Two pseudo-2D Newman-type models of a PEM Fuel Cell.

Objective(s)

This model simulates the cathode of a proton exchange membrane fuel cell (PEMFC). Although these types of fuel cells have made their way into production, an expensive Pt catalyst has inhibited their growth and manufacturing. Reductions to the amount of Pt have been heavily investigated; however, PEMFCs with low Pt loading have shown poor performance due to losses that have not been sufficiently explained in literature. The objectives of this model were: to incorporate structure-property relationships in an attempt to capture and explain performance losses at low Pt loading, to determine how the modeled catalyst layer (CL) geometry affects transport parameters, and to exercise the model in a search for microstructures that could provide improvements in PEMFC performance.

The main difference that sets this model apart from others involves the included structure-property relationships. These additions allow the transport of protons and oxygen through the thin Nafion electrolyte found within the CL to change based on temperature, relative humidity, thickness, and Pt loading. Direct measurements of properties such as conductivity and diffusion coefficients have been challenging with current techniques for the needed length scale of Nafion (<10nm). Many of the few experiments that have been done in a relevant length scale were performed on substrates that are not found within PEMFCs.

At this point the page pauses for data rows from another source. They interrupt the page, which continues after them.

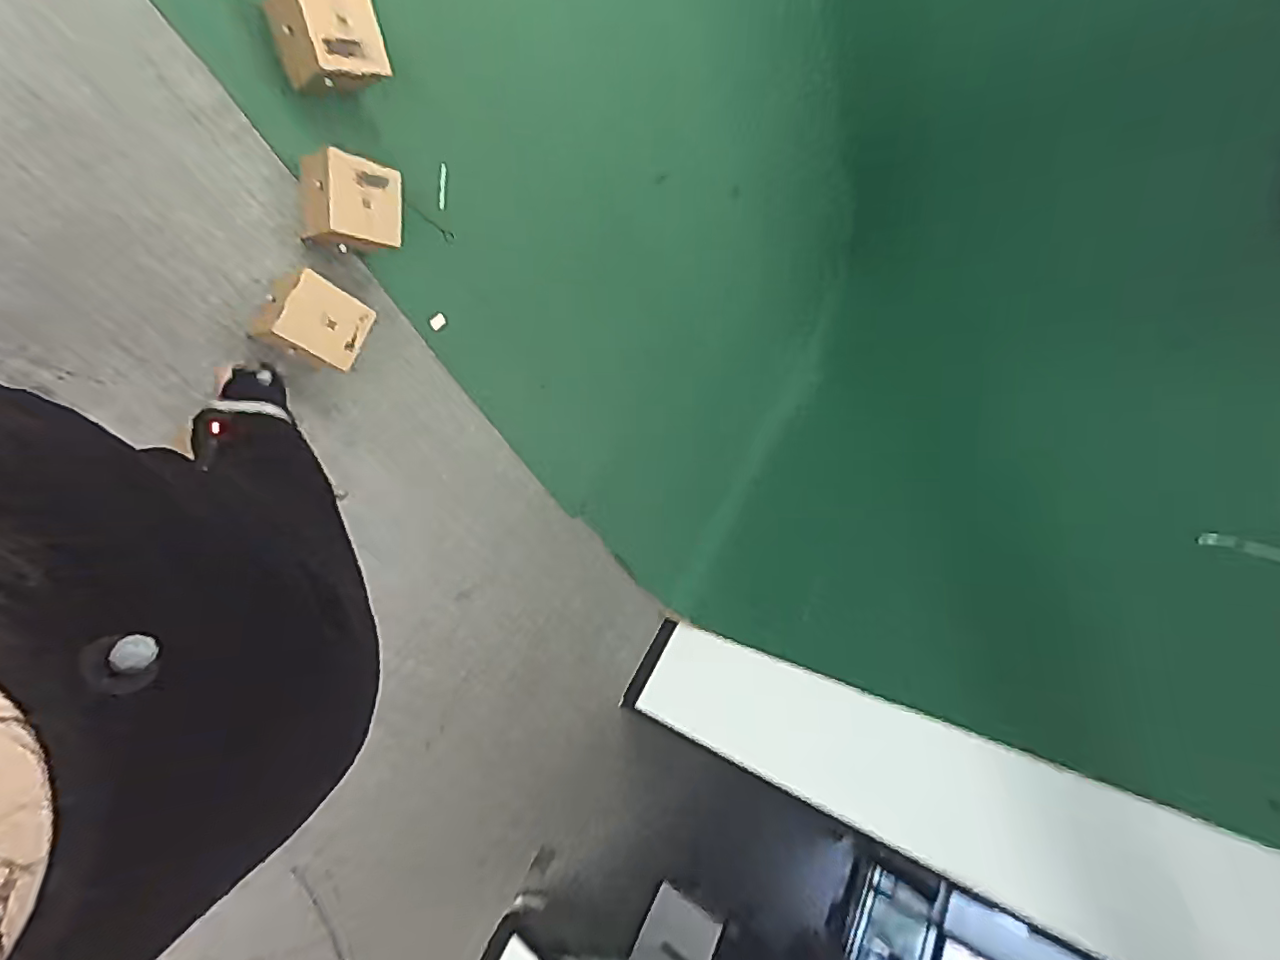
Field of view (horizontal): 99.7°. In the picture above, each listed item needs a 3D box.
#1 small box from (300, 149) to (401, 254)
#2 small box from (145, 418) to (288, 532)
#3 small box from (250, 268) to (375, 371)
[{"bbox_3d":[-0.699,-0.660,1.304,0.168,0.176,0.179,-7,105,-50],"label":"small box"},{"bbox_3d":[-0.928,-0.016,1.182,0.179,0.176,0.168,-58,138,-24],"label":"small box"},{"bbox_3d":[-0.777,-0.371,1.281,0.179,0.176,0.168,35,72,-49],"label":"small box"}]
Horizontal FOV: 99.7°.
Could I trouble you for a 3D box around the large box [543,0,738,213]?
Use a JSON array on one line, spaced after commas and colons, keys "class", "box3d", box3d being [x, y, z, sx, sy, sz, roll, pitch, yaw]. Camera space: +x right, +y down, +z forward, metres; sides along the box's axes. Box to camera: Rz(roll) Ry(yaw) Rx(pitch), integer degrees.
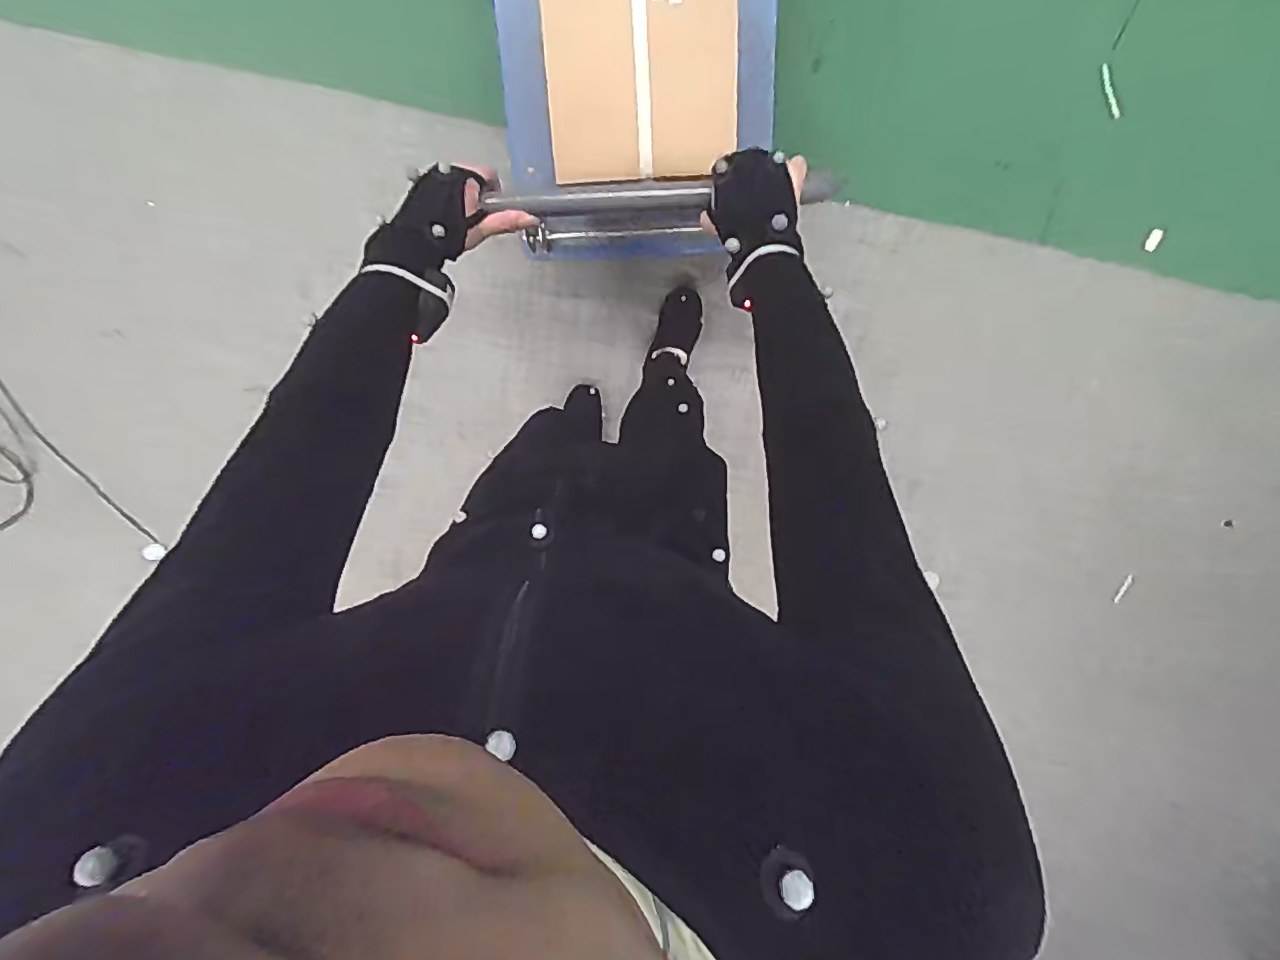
[{"class": "large box", "box3d": [0.011, -0.756, 1.020, 0.320, 0.320, 0.408, -2, 109, 3]}]
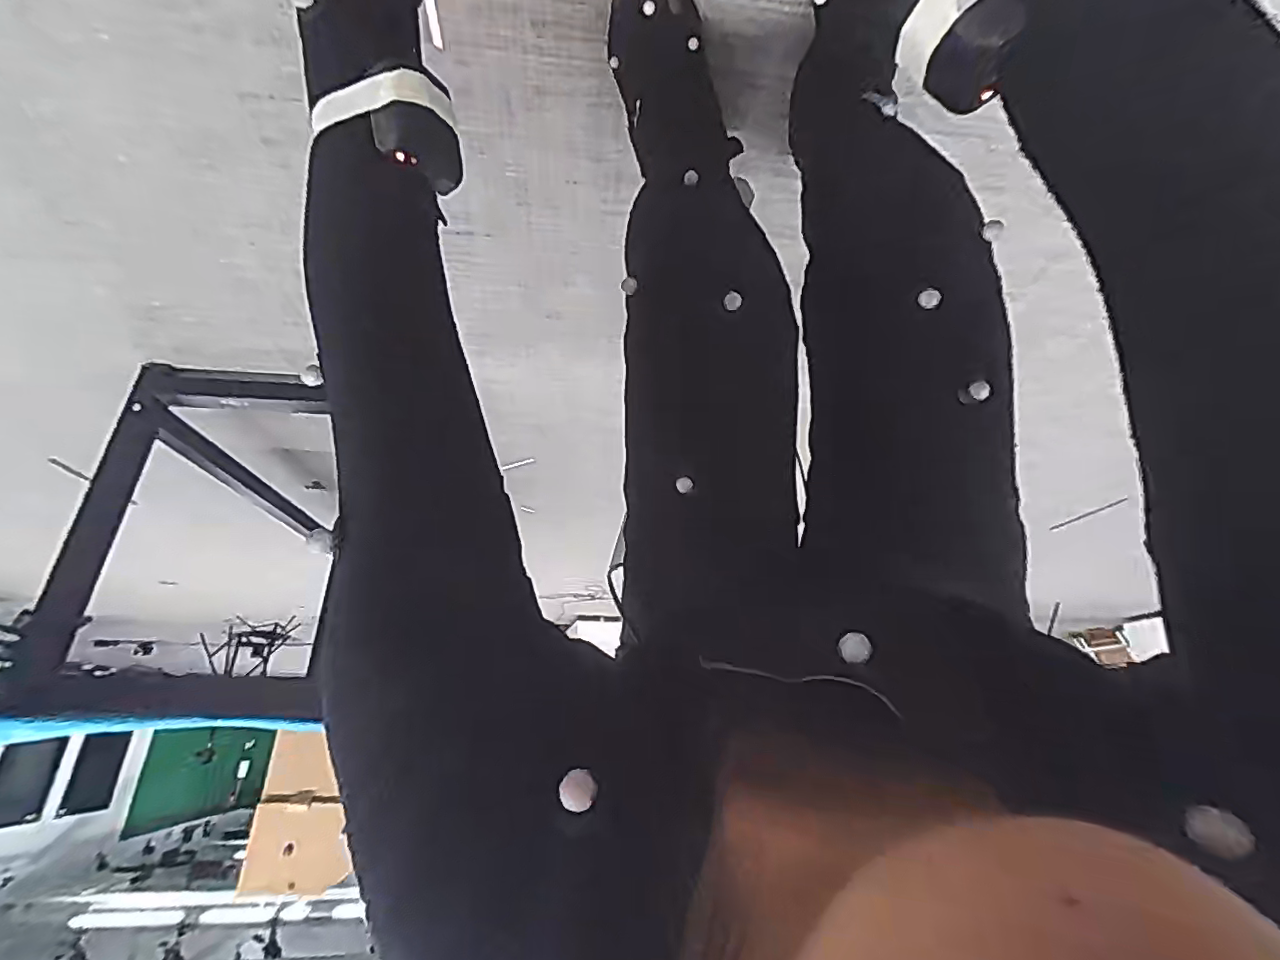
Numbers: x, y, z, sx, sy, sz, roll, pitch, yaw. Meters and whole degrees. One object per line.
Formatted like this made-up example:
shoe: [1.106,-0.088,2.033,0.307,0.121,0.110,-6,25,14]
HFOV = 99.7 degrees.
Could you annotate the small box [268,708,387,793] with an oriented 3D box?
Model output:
small box: [-0.725,0.630,1.268,0.179,0.176,0.168,3,157,-5]

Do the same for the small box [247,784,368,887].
small box: [-0.731,0.778,1.198,0.168,0.176,0.179,4,159,-6]
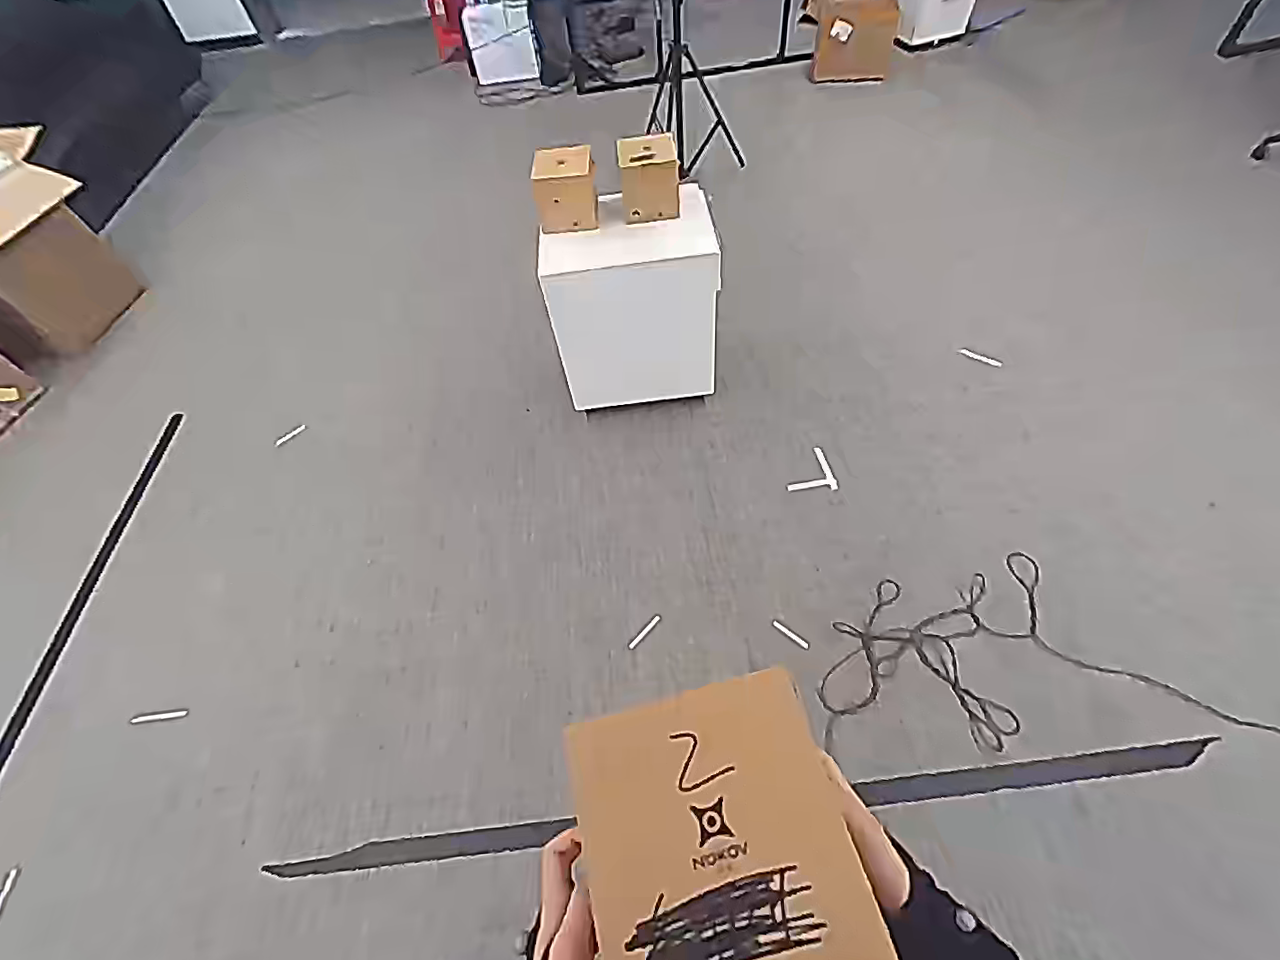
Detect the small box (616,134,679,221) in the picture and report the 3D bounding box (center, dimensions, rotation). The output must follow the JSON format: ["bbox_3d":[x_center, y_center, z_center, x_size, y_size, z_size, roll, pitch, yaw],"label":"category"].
[{"bbox_3d":[0.024,-0.888,1.603,0.168,0.176,0.179,-6,54,3],"label":"small box"}]

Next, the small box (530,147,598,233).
[{"bbox_3d":[-0.219,-0.856,1.610,0.168,0.176,0.179,-4,55,3],"label":"small box"}]
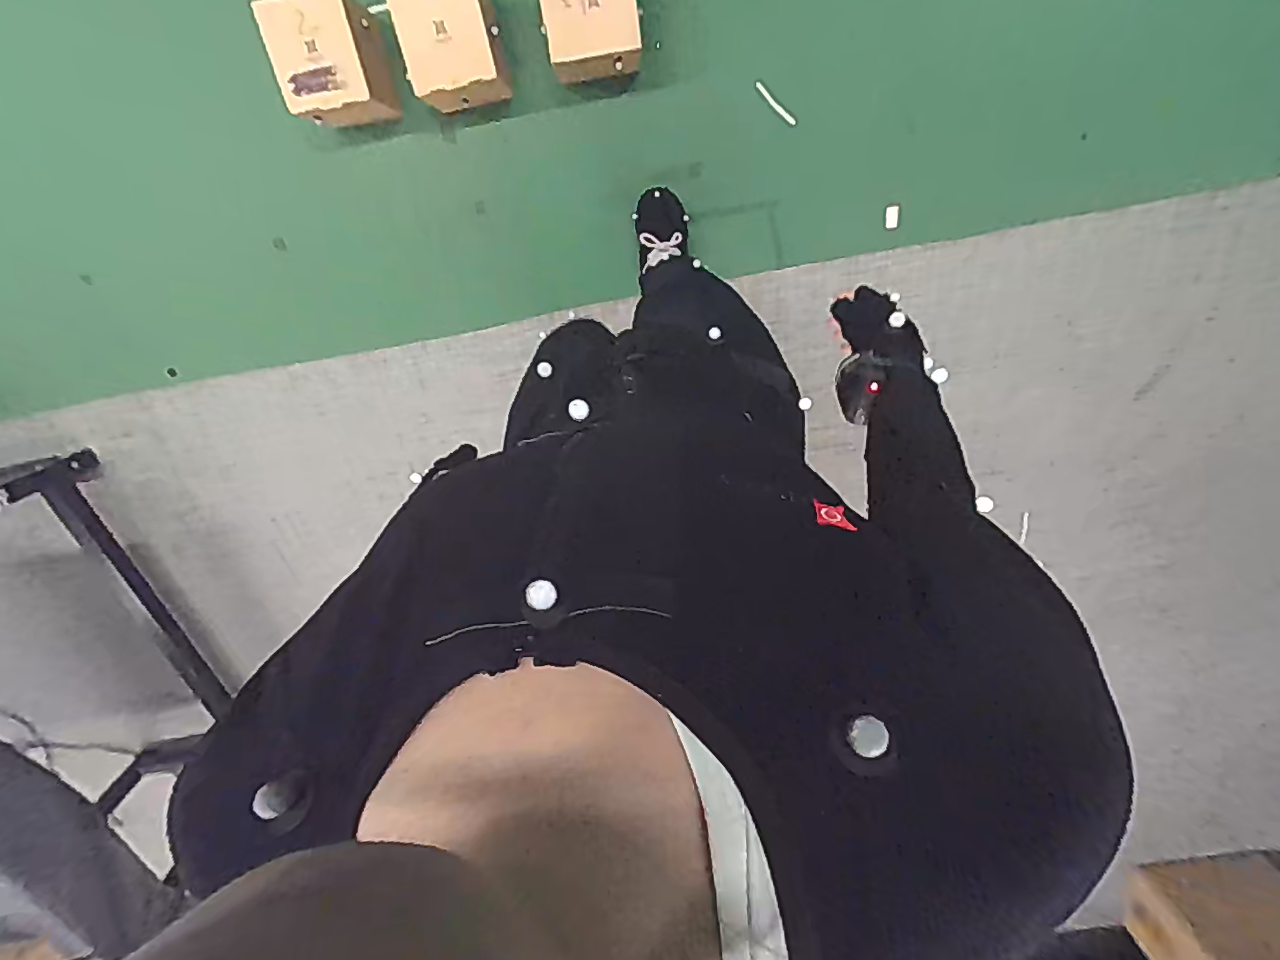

This is important to note since studies have shown that in nanothin films, Nafion's structure and resulting properties can change due to substrate interactions. Using neutron reflectometry data (to approximate the water volume fractions and structure of nanothin Nafion films) combined with experiments and empirical formulas for bulk Nafion films, three methods were implemented into this model to estimate theoretical transport parameters within the electrolyte phase of the CL.

Modeling Domains

In literature, two common microstructures have been used to represent the CL of PEMFCs: core-shell and flooded-agglomerate. Both methods represent attempts to simplify the complex geometries observed from transmission electron microscope (TEM) images of CLs within PEMFCs. The core-shell model represents a smaller length scale in which Pt-covered carbon cores are covered in a shell of Nafion electrolyte. Taking multiple core-shell structures and packing them together inside an additional Nafion shell represents the structure used for the flooded-agglomerate model. Illustrations of these two types of geometries as well as the types of transport incorporated into this model are shown in Figure 1.

Figure 1: Visualization of two microstructures available to use in CL model.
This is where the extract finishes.